Your objective >> After locating the line that contains "Assume a horizontal", quote it and all lines after it through the end of the entries, and nothing more. Pictures stay out.

↓

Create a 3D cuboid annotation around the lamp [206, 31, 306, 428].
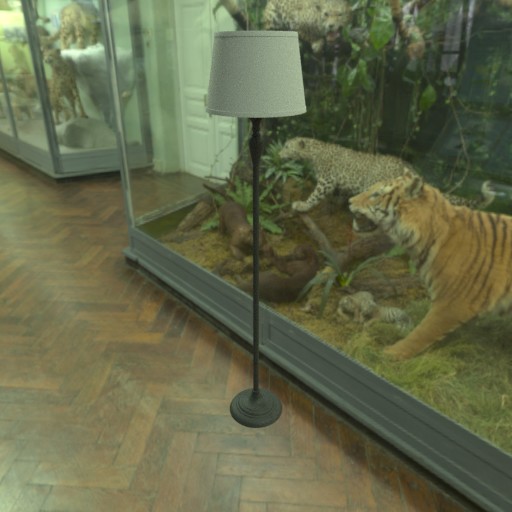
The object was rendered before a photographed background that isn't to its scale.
[{"bbox_3d":[0.000,0.000,1.670,0.327,1.506,0.327,8,26,16],"label":"lamp"}]
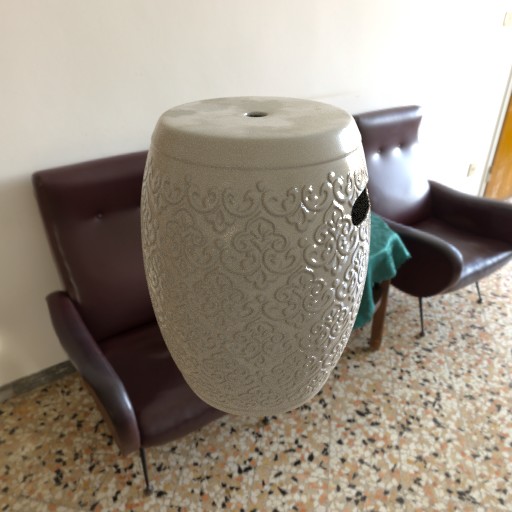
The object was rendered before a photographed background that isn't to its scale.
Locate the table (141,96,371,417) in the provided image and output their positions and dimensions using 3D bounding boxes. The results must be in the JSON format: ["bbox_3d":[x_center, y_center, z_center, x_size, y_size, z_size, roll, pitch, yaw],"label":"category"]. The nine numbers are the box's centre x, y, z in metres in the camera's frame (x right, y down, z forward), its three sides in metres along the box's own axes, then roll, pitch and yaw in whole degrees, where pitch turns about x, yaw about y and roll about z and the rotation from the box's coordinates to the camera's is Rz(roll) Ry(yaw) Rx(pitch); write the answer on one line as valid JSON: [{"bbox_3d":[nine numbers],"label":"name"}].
[{"bbox_3d":[0.000,0.000,0.630,0.309,0.397,0.309,0,30,0],"label":"table"}]
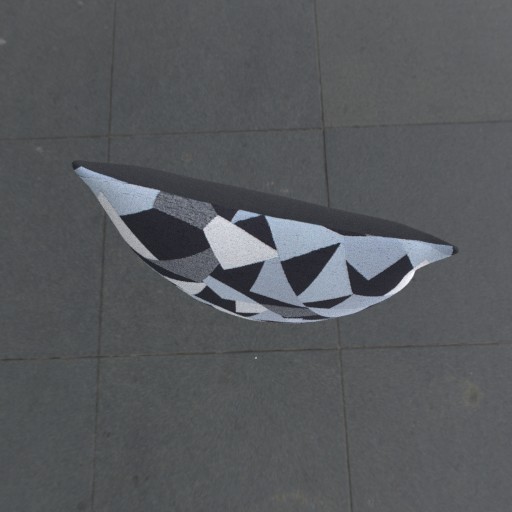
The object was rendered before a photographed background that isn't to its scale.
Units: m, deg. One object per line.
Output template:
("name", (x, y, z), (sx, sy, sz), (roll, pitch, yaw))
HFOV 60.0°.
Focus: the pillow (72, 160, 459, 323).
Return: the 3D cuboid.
("pillow", (0.000, 0.000, 0.777), (0.503, 0.496, 0.208), (13, 77, 3))
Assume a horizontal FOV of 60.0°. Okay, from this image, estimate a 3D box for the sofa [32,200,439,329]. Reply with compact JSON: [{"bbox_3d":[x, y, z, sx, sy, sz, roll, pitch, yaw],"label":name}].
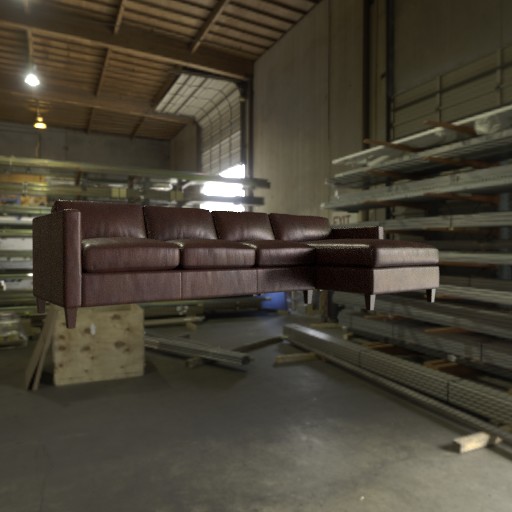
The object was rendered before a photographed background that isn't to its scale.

↑

Solution to this exercise >>
Assume a horizontal FOV of 60.0°. Okay, from this image, estimate a 3D box for the sofa [32,200,439,329]. Reply with compact JSON: [{"bbox_3d":[x, y, z, sx, sy, sz, roll, pitch, yaw],"label":name}].
The object was rendered before a photographed background that isn't to its scale.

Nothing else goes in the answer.